Text transformation with JSON and regular expressions
Ever since I wrote the Jath Javascript XML processing library I’ve been thinking about ways to declaratively transform various things to JSON.
Perhaps not-so-coincidentally, I’ve been talking about ways to update the tools we use to pass around data structures rather than text blobs lately.
Since I wrote that post, I’ve been toying with small stepping stones that would get us closer to realizing a more “functional” experience in the Linux shell without ripping everything out and starting over. A start is to have a way to get the output of common shell commands and parse it into something like JSON.
As I said at the top of this post, text transformations have been something I’ve been playing with in various forms for a while now, so I dug up a project that I started back when I was working on Jath that does essentially what Jath does but with regular expressions instead of XPath queries. The idea is to provide a template that transforms plain text to JSON using regexps as the selectors.
For those of you not familiar with Jath, it uses a template like this:
var template = [ "//status", { id: "@id", message: "message" } ];
To turn this:
<statuses userid="djn">
<status id="1">
<message>Hello</message>
</status>
<status id="3">
<message>Goodbye</message>
</status>
</statuses>
into JSON like this:
[
{ id: "1", message: "Hello" },
{ id: "3", message: "Goodbye" }
]
Keeping that same idea in mind, let’s look at the output of a common Unix utility, ifconfig:
dan@X200:~/$ ifconfig
eth0 Link encap:Ethernet HWaddr 00:1f:16:15:2e:b1
UP BROADCAST MULTICAST MTU:1500 Metric:1
RX packets:0 errors:0 dropped:0 overruns:0 frame:0
TX packets:0 errors:0 dropped:0 overruns:0 carrier:0
collisions:0 txqueuelen:1000
RX bytes:0 (0.0 B) TX bytes:0 (0.0 B)
Interrupt:20 Memory:f2600000-f2620000
lo Link encap:Local Loopback
inet addr:127.0.0.1 Mask:255.0.0.0
inet6 addr: ::1/128 Scope:Host
UP LOOPBACK RUNNING MTU:16436 Metric:1
RX packets:550973 errors:0 dropped:0 overruns:0 frame:0
TX packets:550973 errors:0 dropped:0 overruns:0 carrier:0
collisions:0 txqueuelen:0
RX bytes:70904676 (70.9 MB) TX bytes:70904676 (70.9 MB)

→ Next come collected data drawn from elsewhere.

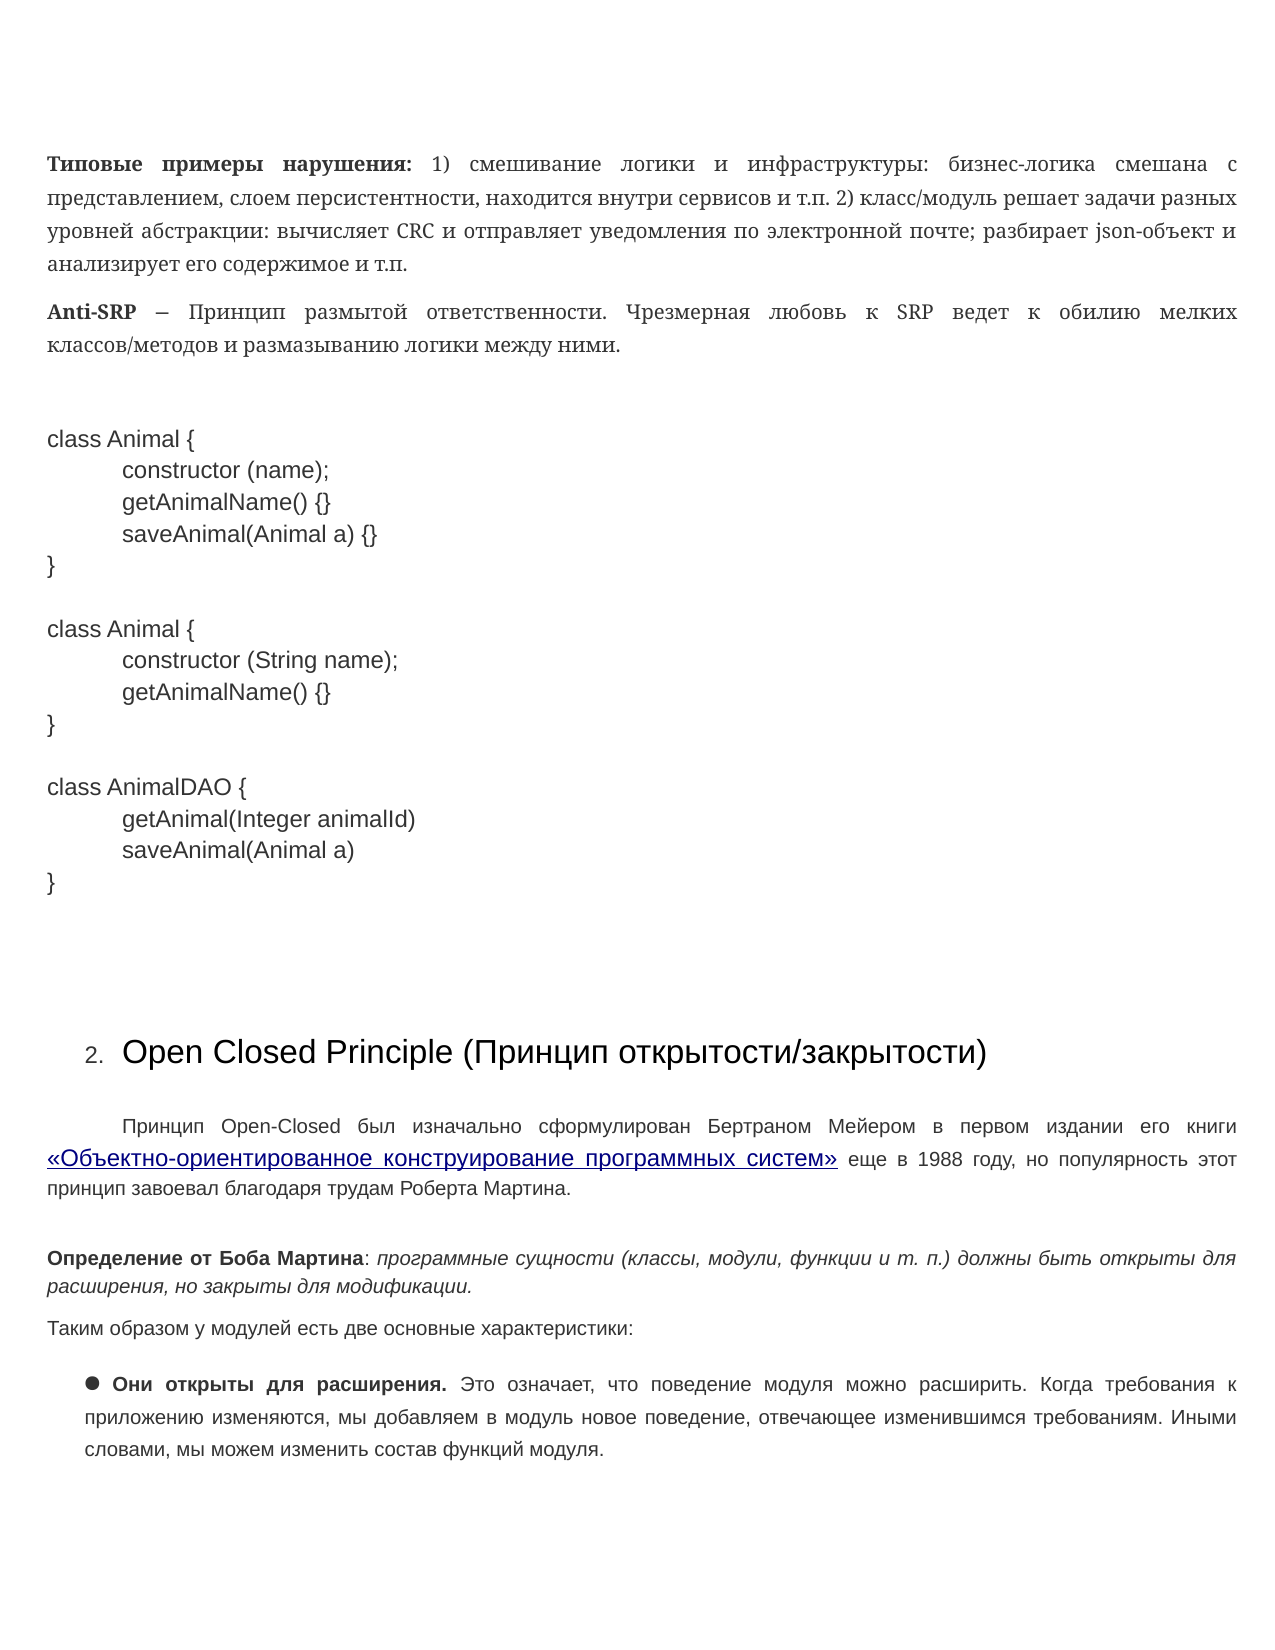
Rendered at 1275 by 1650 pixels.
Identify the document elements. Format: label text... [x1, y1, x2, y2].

text getAnimalName() {} [47, 678, 1237, 706]
text getAnimal(Integer animalId) [47, 805, 1237, 832]
text class Animal { [47, 615, 1237, 642]
text Типовые примеры нарушения: 1) смешивание логики и инфраструктуры: бизнес-логика смешана с представлением, слоем персистентности, находится внутри сервисов и т.п. 2) класс/модуль решает задачи разных уровней абстракции: вычисляет CRC и отправляет уведомления по электронной почте; разбирает json-объект и анализирует его содержимое и т.п. [47, 150, 1237, 277]
text class Animal { [47, 425, 1237, 452]
text constructor (name); [47, 456, 1237, 484]
text } [47, 710, 1237, 737]
text Определение от Боба Мартина: программные сущности (классы, модули, функции и т. п.) должны быть открыты для расширения, но закрыты для модификации. [47, 1246, 1237, 1297]
subtitle Open Closed Principle (Принцип открытости/закрытости) [84, 1032, 1237, 1071]
text saveAnimal(Animal a) [47, 836, 1237, 864]
text Таким образом у модулей есть две основные характеристики: [47, 1317, 1237, 1340]
text Принцип Open-Closed был изначально сформулирован Бертраном Мейером в первом издании его книги «Объектно-ориентированное конструирование программных систем» еще в 1988 году, но популярность этот принцип завоевал благодаря трудам Роберта Мартина. [47, 1115, 1237, 1199]
list Они открыты для расширения. Это означает, что поведение модуля можно расширить. Когда требования к приложению изменяются, мы добавляем в модуль новое поведение, отвечающее изменившимся требованиям. Иными словами, мы можем изменить состав функций модуля. [47, 1372, 1237, 1461]
text constructor (String name); [47, 646, 1237, 674]
text } [47, 551, 1237, 579]
text saveAnimal(Animal a) {} [47, 520, 1237, 547]
text Anti-SRP – Принцип размытой ответственности. Чрезмерная любовь к SRP ведет к обилию мелких классов/методов и размазыванию логики между ними. [47, 297, 1237, 358]
text } [47, 868, 1237, 896]
text getAnimalName() {} [47, 488, 1237, 516]
text class AnimalDAO { [47, 773, 1237, 801]
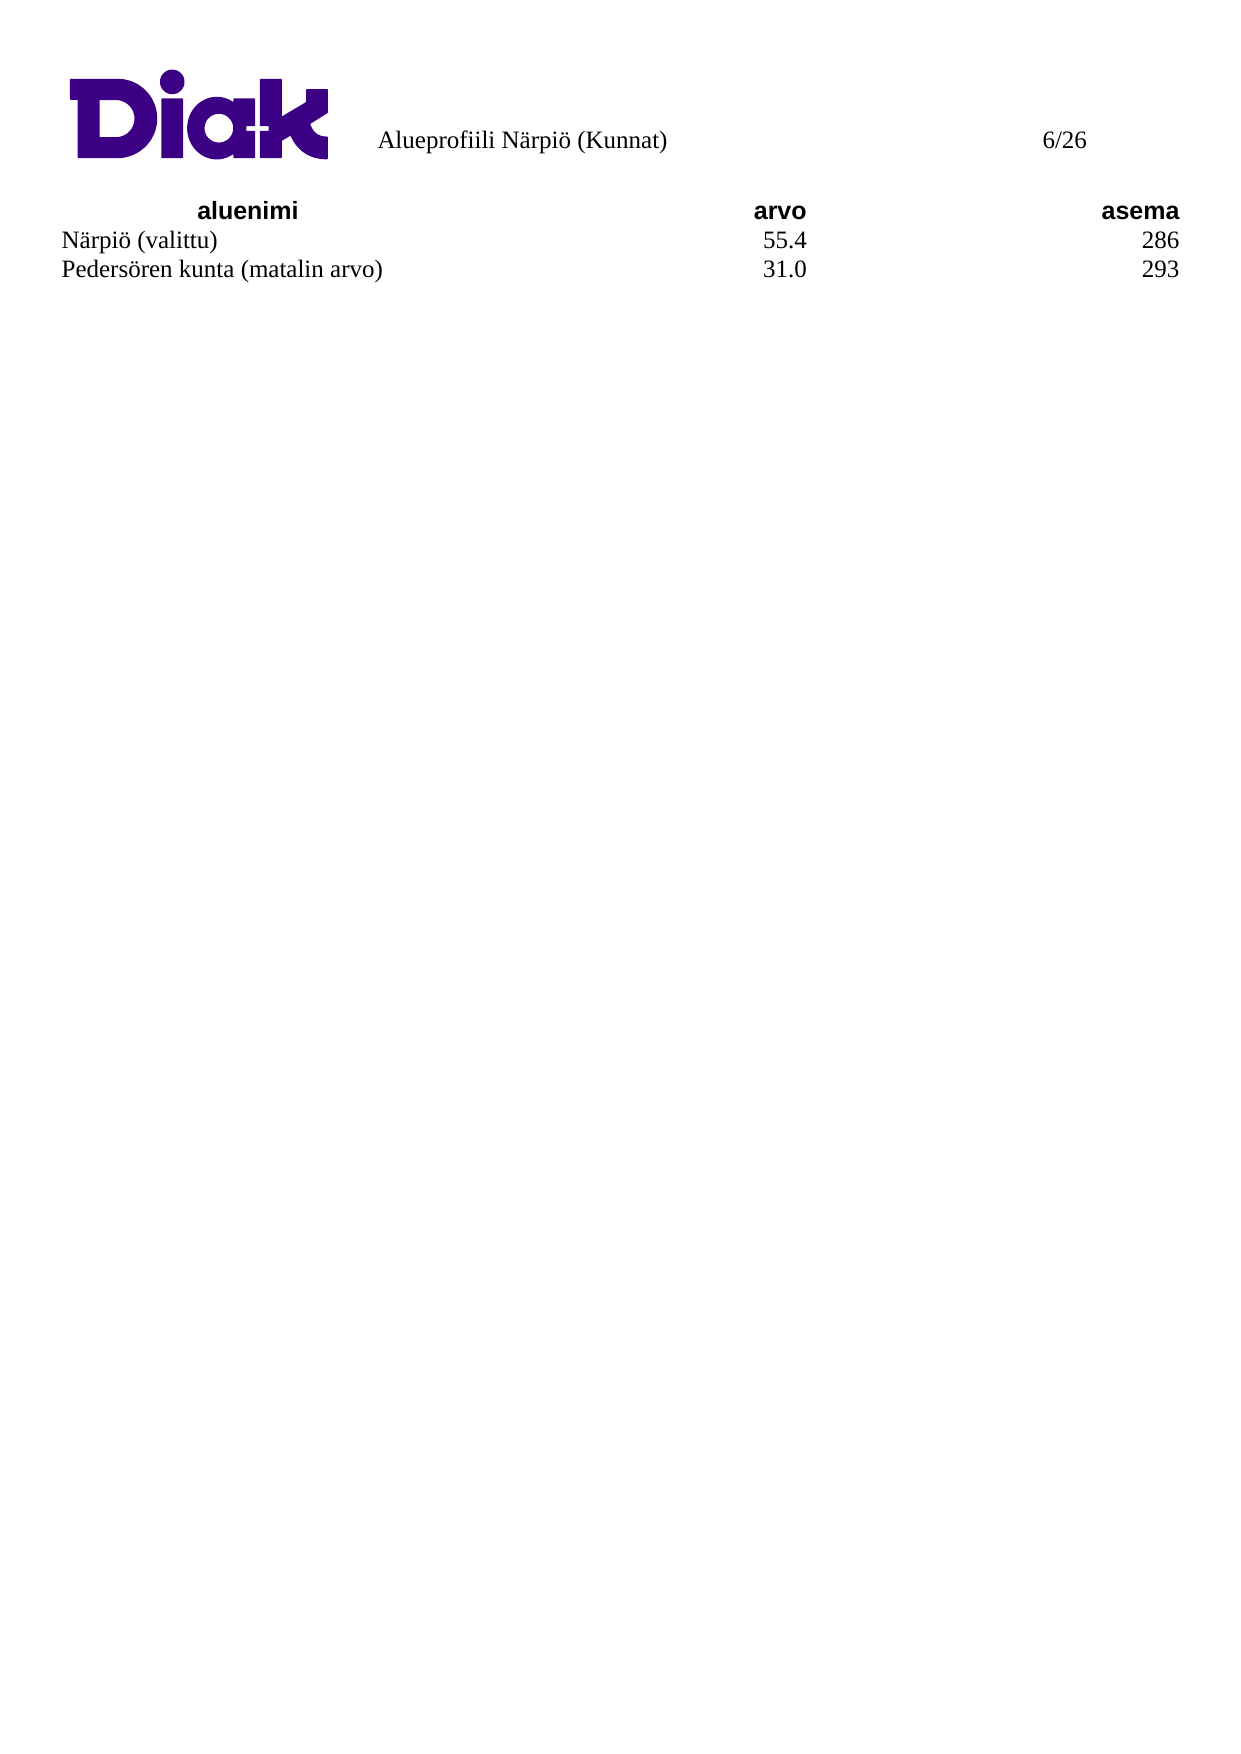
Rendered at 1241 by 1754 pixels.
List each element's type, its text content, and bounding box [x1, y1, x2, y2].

table_cell Närpiö (valittu) [61, 225, 434, 254]
table_cell 286 [806, 225, 1179, 254]
table_cell 55.4 [434, 225, 806, 254]
table_cell 31.0 [434, 254, 806, 282]
table_header aluenimi [61, 196, 434, 225]
table_header asema [806, 196, 1179, 225]
table_header arvo [434, 196, 806, 225]
table_cell Pedersören kunta (matalin arvo) [61, 254, 434, 282]
table_cell 293 [806, 254, 1179, 282]
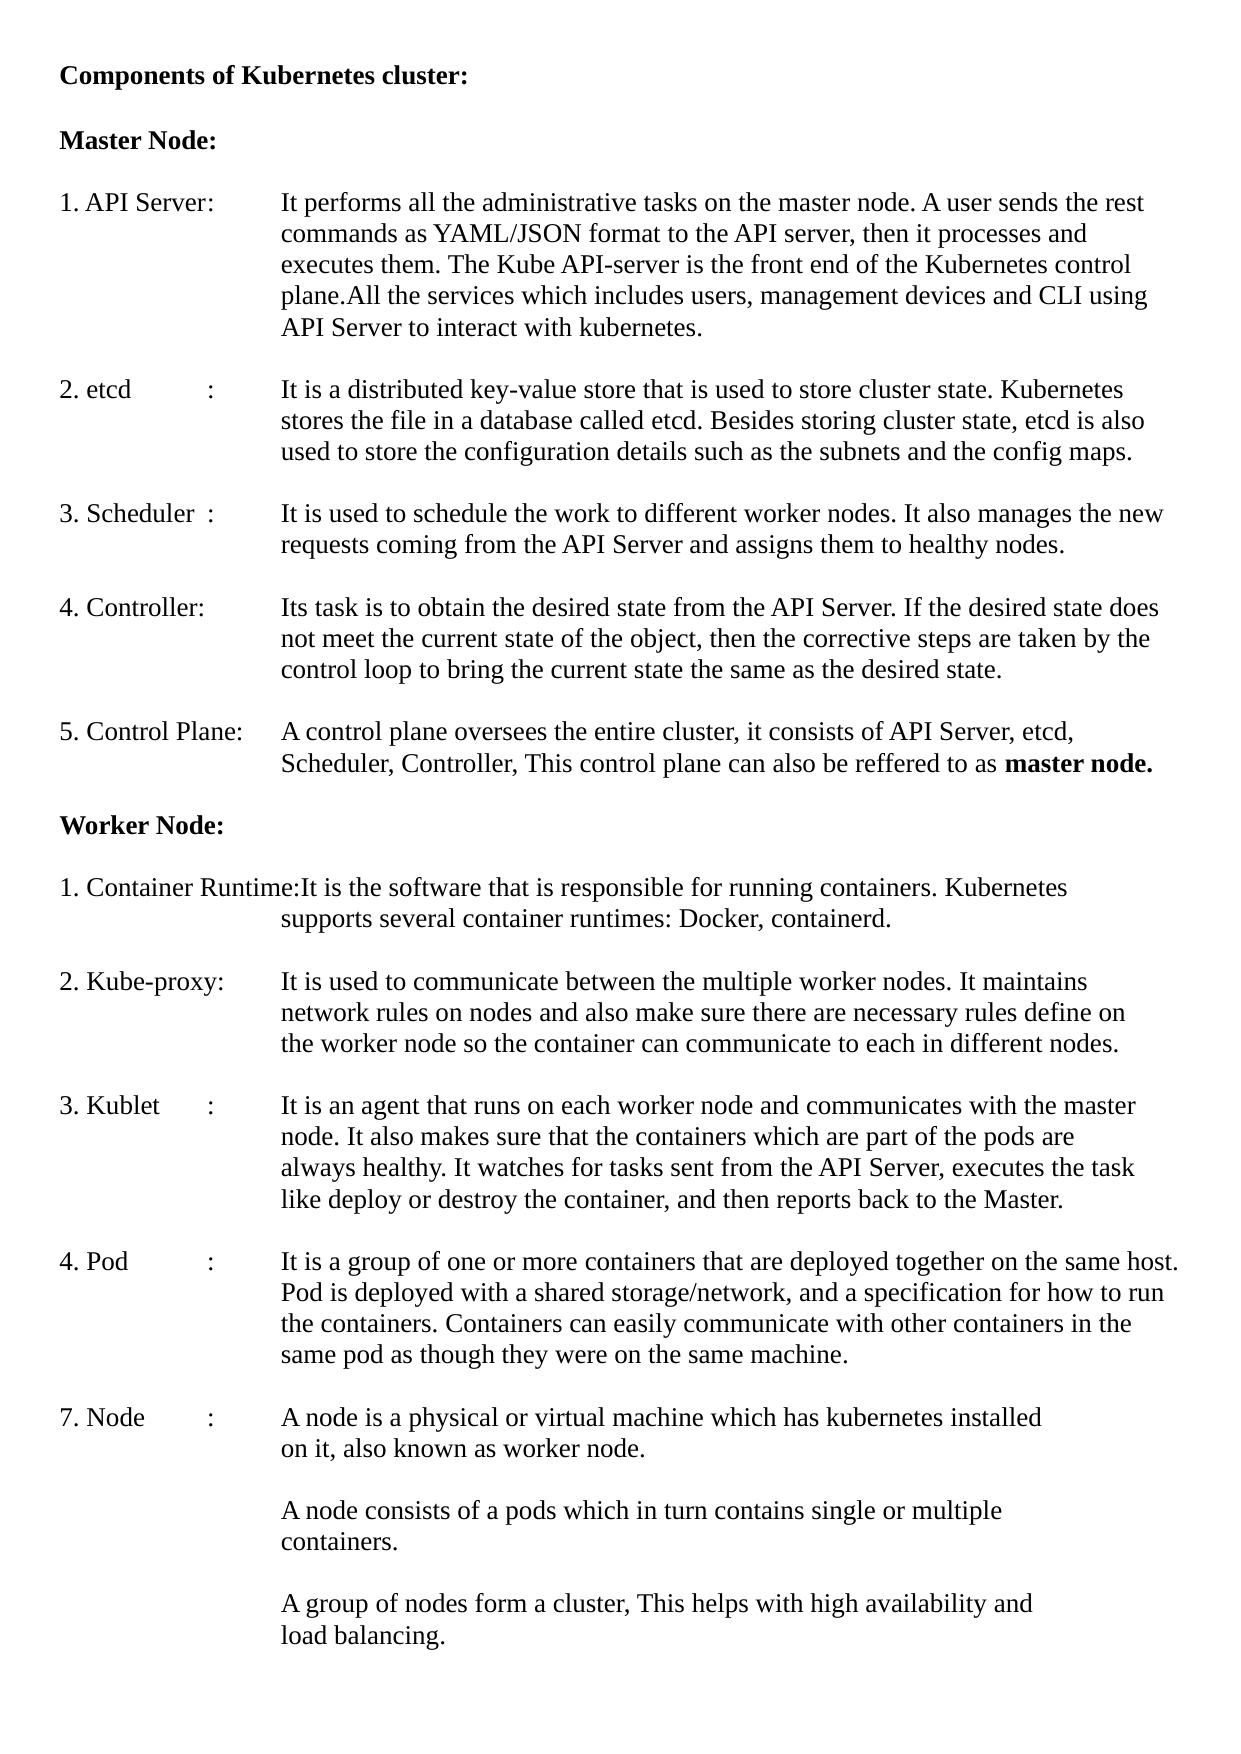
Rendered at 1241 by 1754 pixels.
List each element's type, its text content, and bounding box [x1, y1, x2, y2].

I’d like to turn this into something like the following:
[
{ "Link encap": "Ethernet", "RX packets": "0" },
{ "Link encap": "Local Loopback", "RX packets": "550973" }
]
As a first approximation a template for the above transformation would look something like this:
[ "\n\n", {
"RX packets": /RX packets:([^\s]*)/,
"Link encap": /Link encap:([^\s]*)/
} ]
I have a little proof-of-concept code that works using the above template, but I’m thinking that the template format could be improved. It seems like a bit much to ask to produce such ugly regular expressions for the template selectors.
Also, maybe we’d want support for a hash object instead of an array. This is something that Jath can’t really do and I never thought about supporting it before. That is, the result collection might look like this:
{
"eth0": { "Link encap": "Ethernet", "RX packets": "0" },
"lo": { "Link encap": "Local Loopback", "RX packets": "550973" }
}
Maybe a template format for a hash like this is some kind of glob-style expansion for the key name:
{ "/\b(.+?)\b[\S\s]*\n\n"/g: {
"RX packets": /RX packets:([^\s]*)/,
"Link encap": /Link encap:([^\s]*)/
} }
The regular expression for finding the keys is a little rough in this case. In order to make this work we are relying on a global regex that we can keep calling exec() on to find the next match until they are exhausted. We only want the capture group, so this would look something like the following:
while( var res = re.exec(input)[1] ) {
push returnval( res );
}
This stuff is rough for the moment, but I think it could be an interesting way to process arbitrary textual command output in a declarative way by mostly re-using existing solutions like regular expressions.